Due sezioni dedicate all’ ICAIC e all’OSPAAAL; uno spazio che racconta i lavori di Antonio Reboiro, accanto ad un altro imperniato sulla nuova grafica che si cimenta con il computer; le pareti di un corridoio su cui campeggiano i dieci bozzetti di Olivio per il raggiungimento degli obbiettivi della Zafra. La mostra è questo, nel suo ordine espositivo. Un ordine che si è portati a violare quasi subito, catturati dalla bellezza delle immagini, richiami, per chi li ha vissuti, ai tempi dei cortei di solidarietà con la guerra di liberazione in Vietnam e in Cambogia e con le lotte per l’indipendenza in Mozambico, di denuncia della dittatura portoghese in Angola e Cile e dell’apartheid in Sud Africa; ma anche preziosa opportunità offerta alle nuove generazioni per rimediare alle eterne carenze dei libri scolastici, usufruendo di una narrazione affidata alla potenza visiva e alla scarna cronaca di titoli e date.

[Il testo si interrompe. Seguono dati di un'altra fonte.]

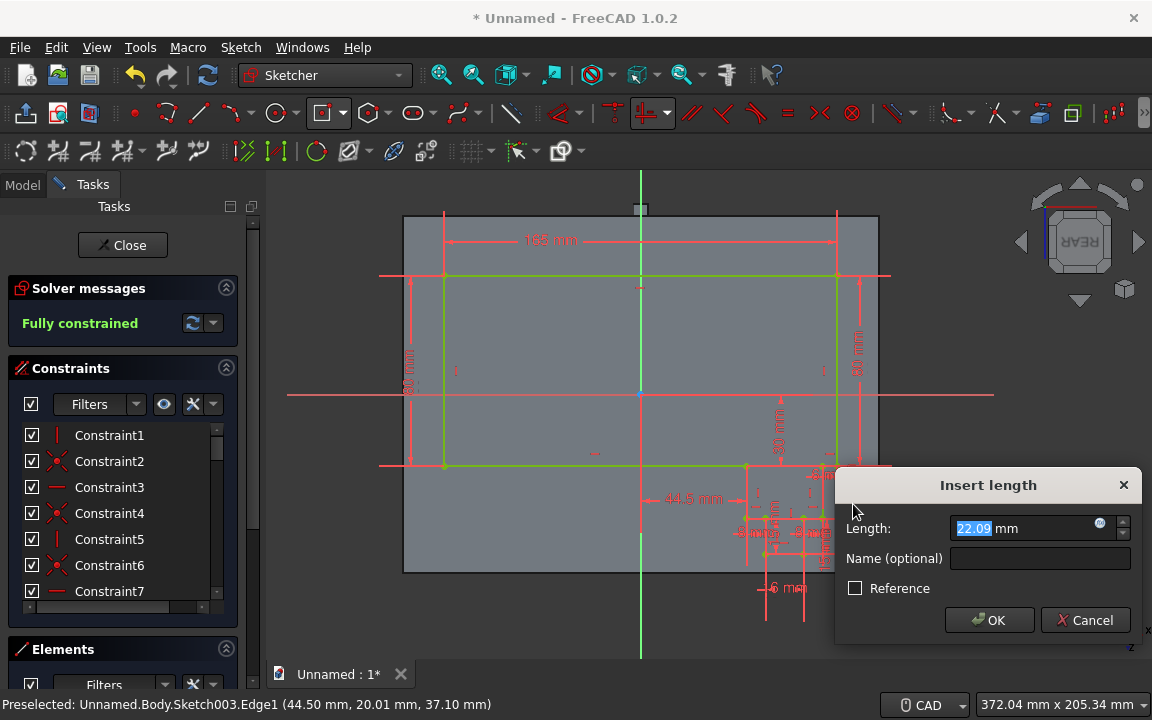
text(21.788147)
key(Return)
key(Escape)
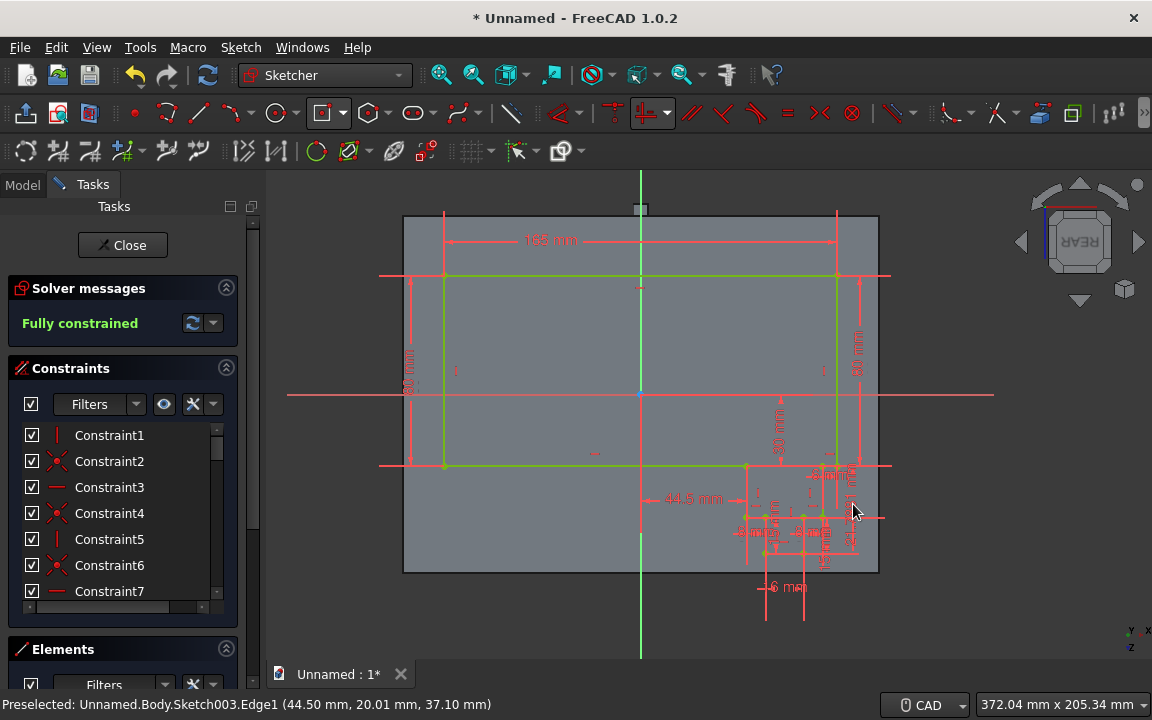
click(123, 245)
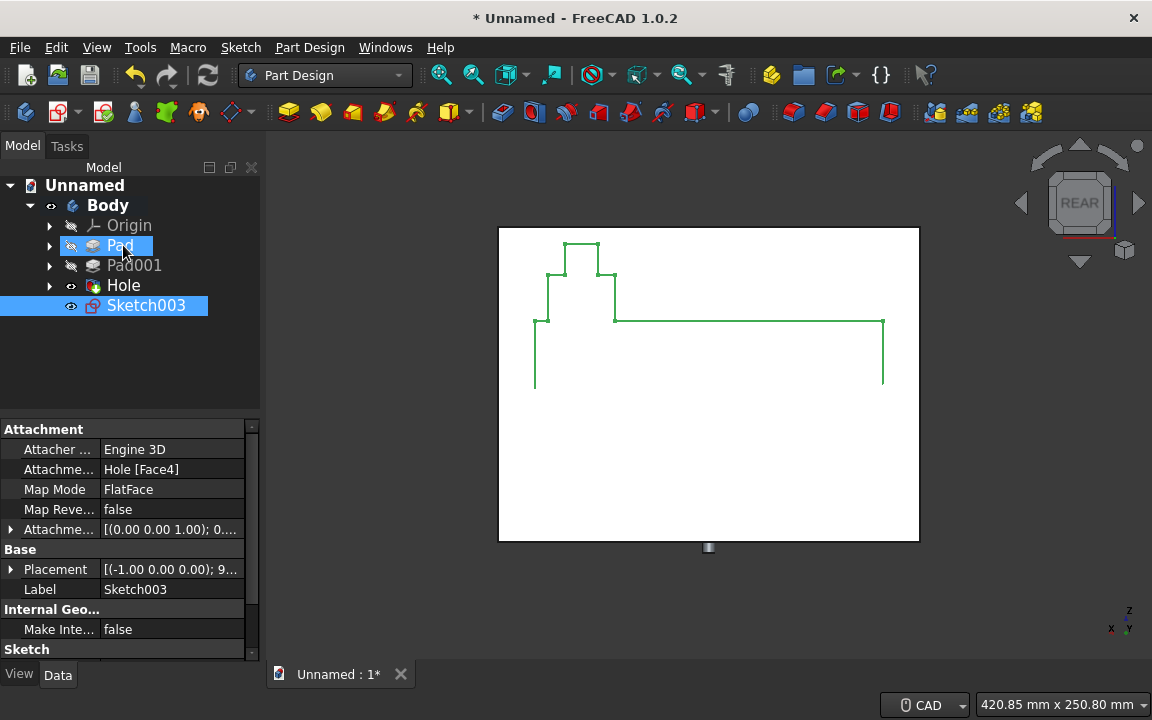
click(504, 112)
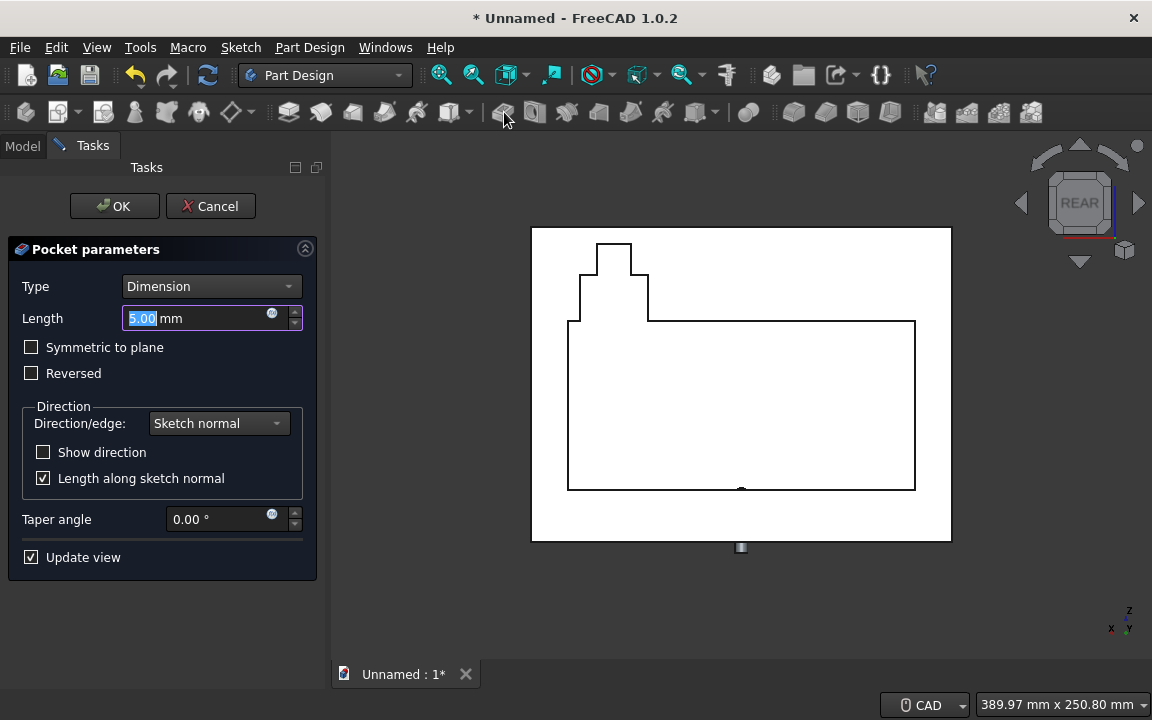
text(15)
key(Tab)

I carteles della sezione dell’ OSPAAAL, organismo nato nel 1966, regalano agli occhi il Che secondo Olivio Martinez, Rafael Enriquez Vega, Helena Serrano, Alfredo Rostgaard; il sogghigno di un Nixon con la calotta cranica che contiene la foto di una strage in un villaggio vietnamita, immortalato da Luis Balaguer; ancora Rostgaard con il suo Cristo guerrillero, aureola intorno alla testa e fucile in spalla; le immagini del Che a cavallo tra le montagne della Sierra, solo o accanto a Carillo, ispirate alle tinte forti della Pop Art e firmate da René Mederos; il grido di un uomo nel cartel di Antonio Fernández Morino per la giornata di solidarietà con il Sud Africa; la rivolta del Mozambico, fissata da Enrique Martinez Blanco mettendo l’impugnatura di un mitra sotto la scritta Mozambique; i cappelli conici dei contadini del Vietnam visti dall’alto, capolavoro grafico di Ernesto Padrón Blanco; la crocifissione sul simbolo del dollaro, soggetto di Rafael Enriquèz Vega, per denunciare il Fondo Monetario Internazionale che rende schiavo il Terzo Mondo. Notevole il filone delle campagne sociali avviate dal DOR per il risparmio energetico e l’assistenza sanitaria: ad esempio il cartel di Félix Beltran dove la parola “Clik”, in giallo su fondo blu, esorta a non sprecare luce; il rubinetto dell’acqua rivolto verso l’alto, con la scritta ‘Ahorrala’, ‘risparmiala’, di Faustino Pérez Organero; il muso colorato di una motocicletta, mezzo di spostamento in uso alla Brigada Sanitaria, frutto della mano di Daysi Garcia.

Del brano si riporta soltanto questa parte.